- Interactive map of Phú Thạnh
- Coordinates: 10°46′19″N 106°37′37″E﻿ / ﻿10.77194°N 106.62694°E
- Country: Vietnam
- Municipality: Ho Chi Minh City
- Established: November 5th, 2003

Area
- • Total: 1.15 sq mi (2.99 km^{2})

Population (2024)
- • Total: 103,780
- • Density: 89,900/sq mi (34,700/km^{2})
- Time zone: UTC+07:00 (Indochina Time)
- Administrative code: 27028

= Phú Thạnh =

Phú Thạnh (Vietnamese: Phường Phú Thạnh) is a ward of Ho Chi Minh City, Vietnam. It is one of the 168 new wards, communes and special zones of the city following the reorganization in 2025.

==History==
On November 5, 2003, the government issued Decree 103/2003/ND-CP. It states that, Tân Phú district will be established by separating a part of Tân Bình district; and Phú Thạnh was established on the basis of 114 hectares of natural area and 28,847 people of Ward 18, Tân Bình district.

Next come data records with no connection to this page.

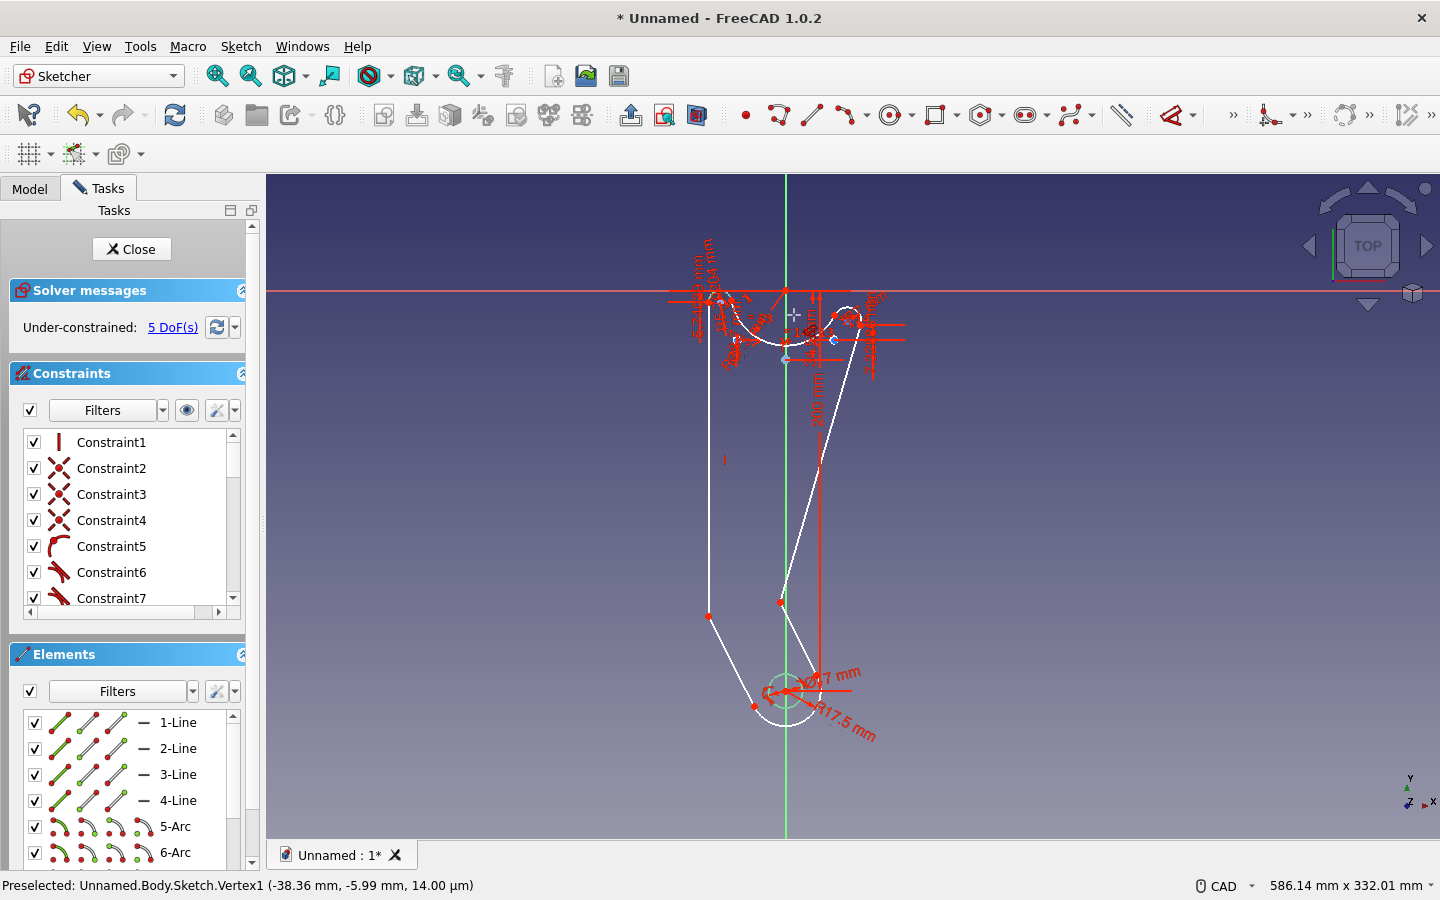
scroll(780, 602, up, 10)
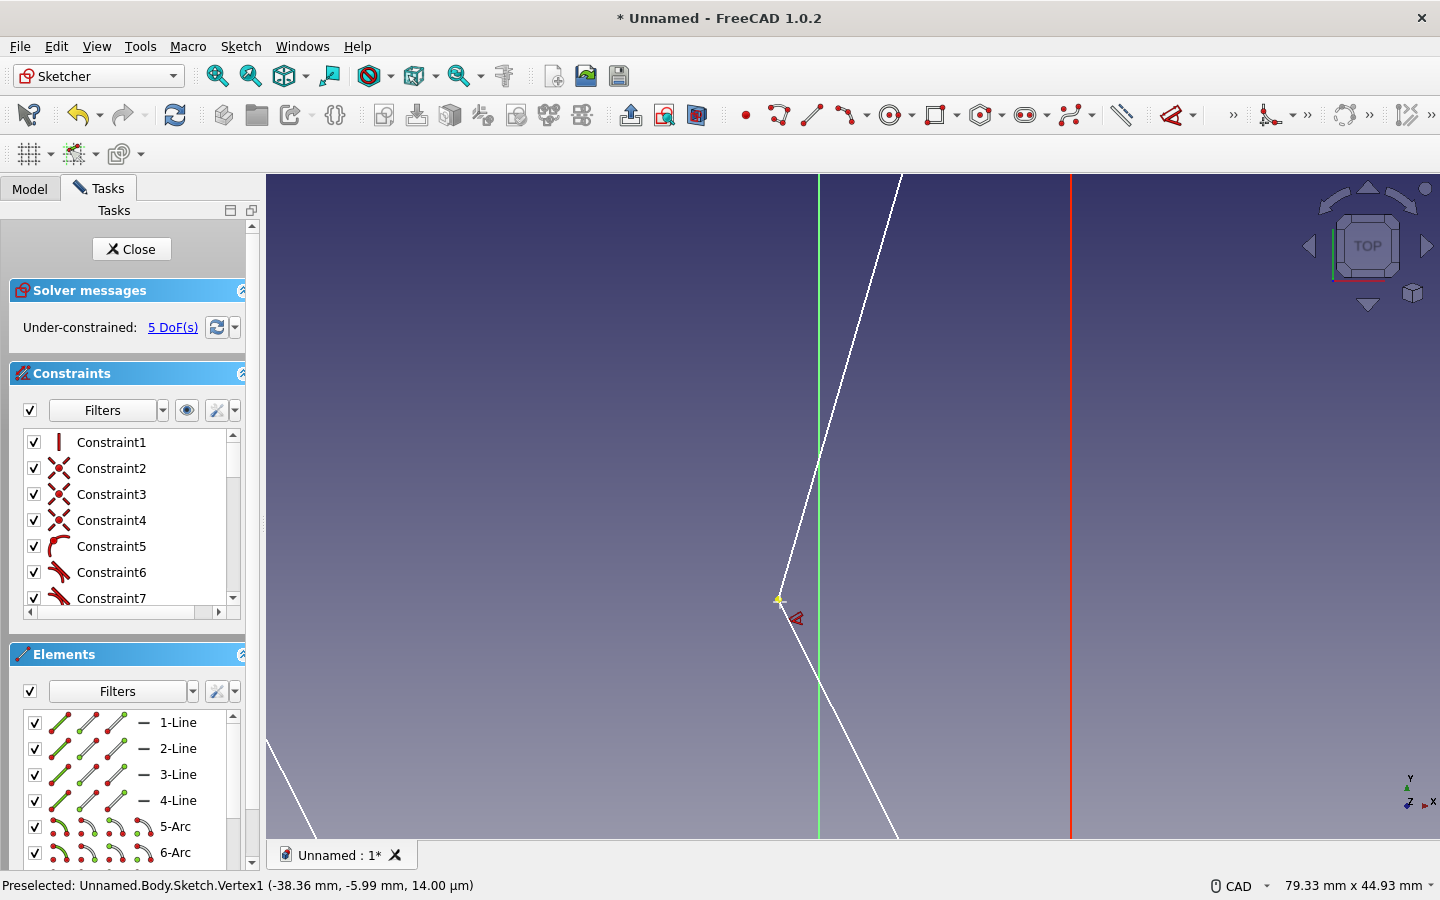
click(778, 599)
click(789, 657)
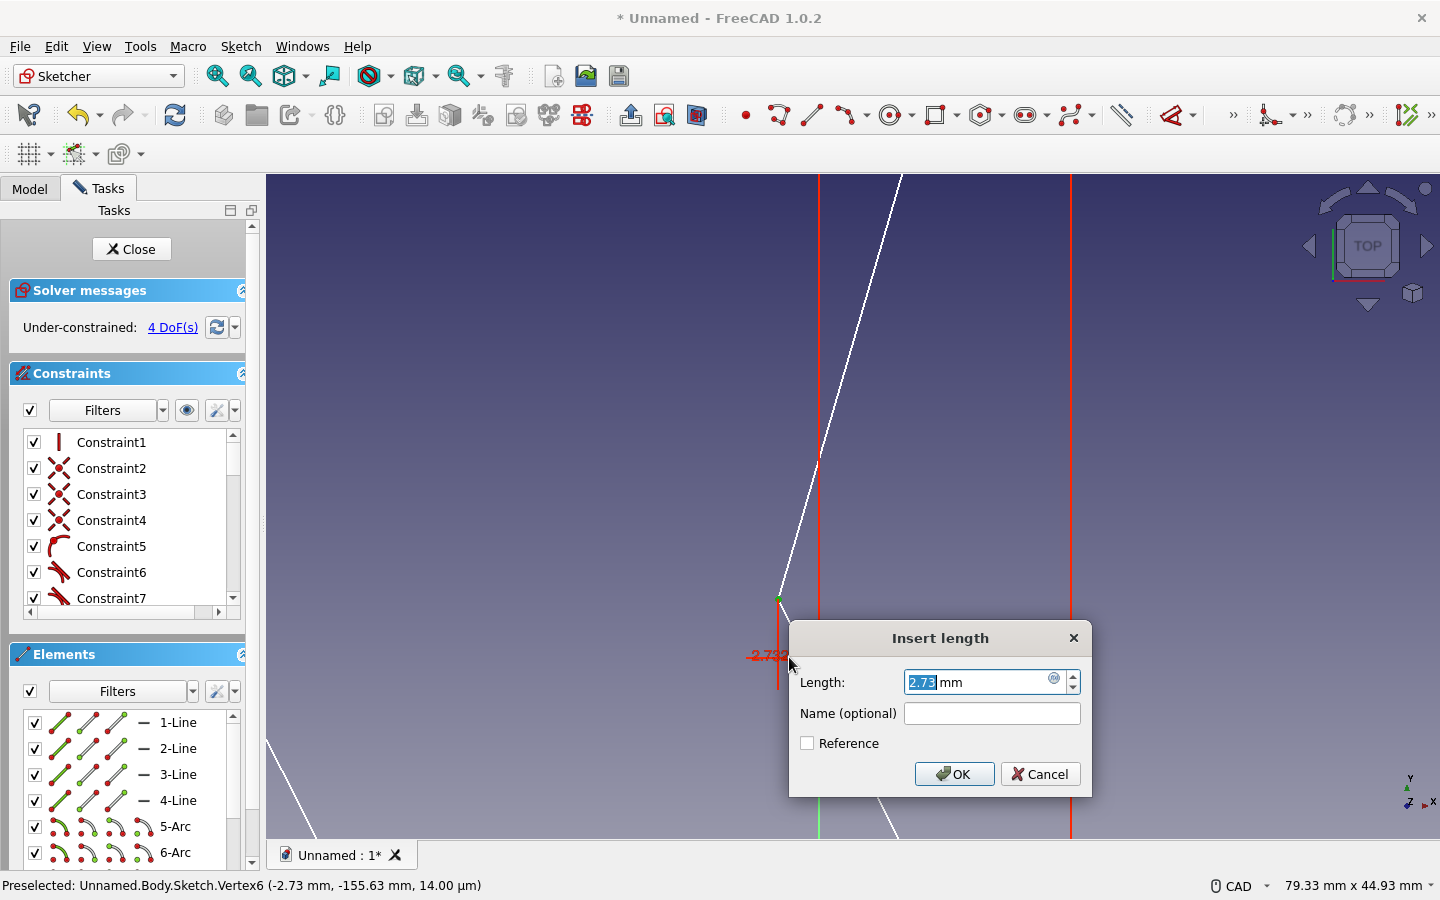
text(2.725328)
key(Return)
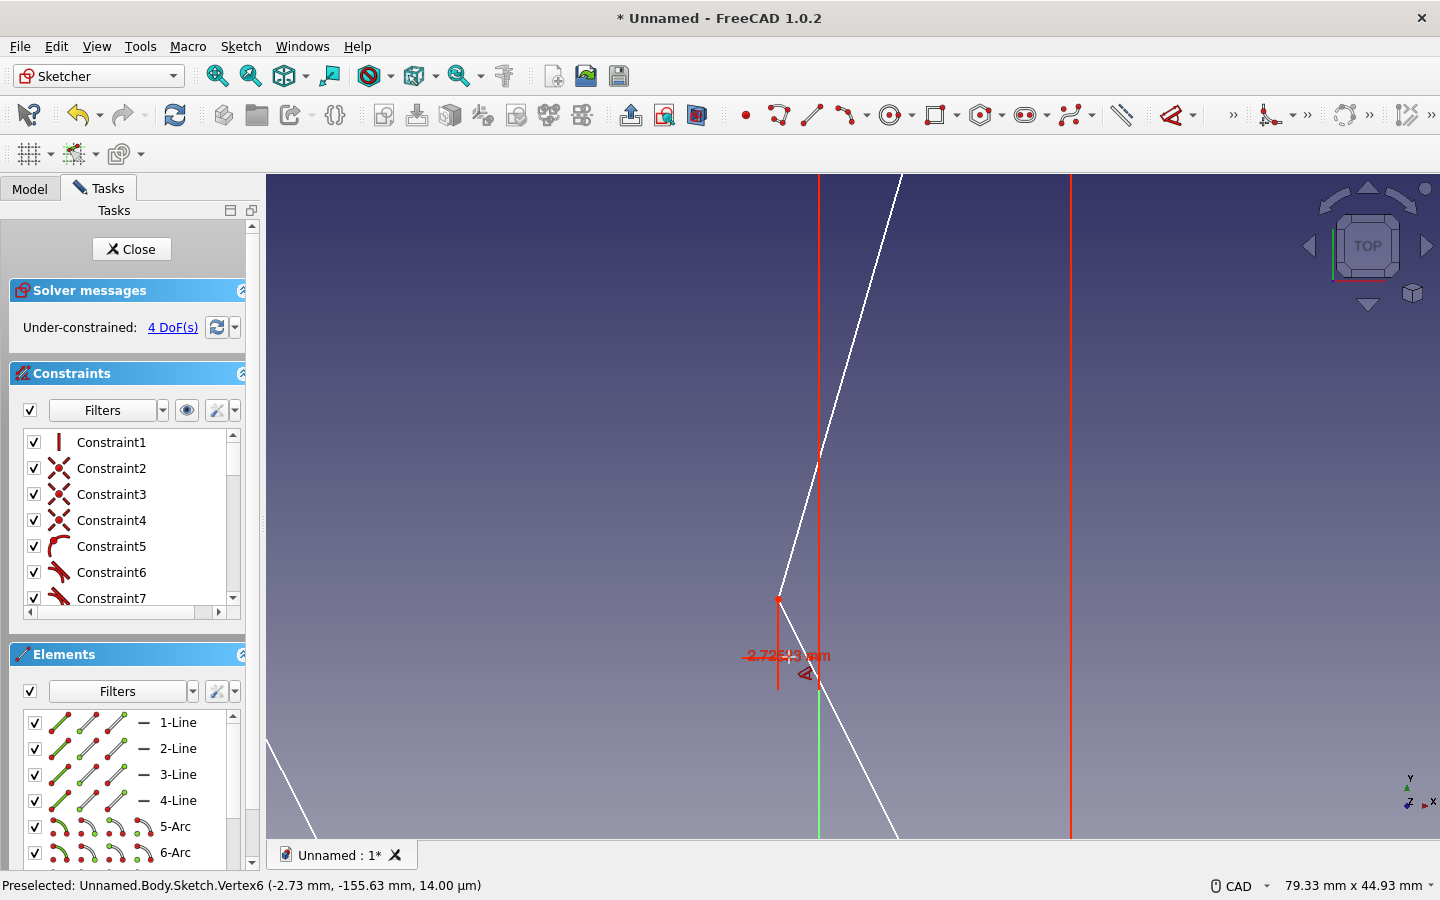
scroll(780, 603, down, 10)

On June 16, 2025, the National Assembly Standing Committee issued Resolution No. 1685/NQ-UBTVQH15 on the arrangement of commune-level administrative units of Ho Chi Minh City in 2025 (effective from June 16, 2025). Accordingly, the entire land area and population of Hiệp Tân, Phú Thạnh wards and part of Tân Thới Hòa ward of the former Tân Phú district will be integrated into a new ward named Phú Thạnh (Clause 66, Article 1).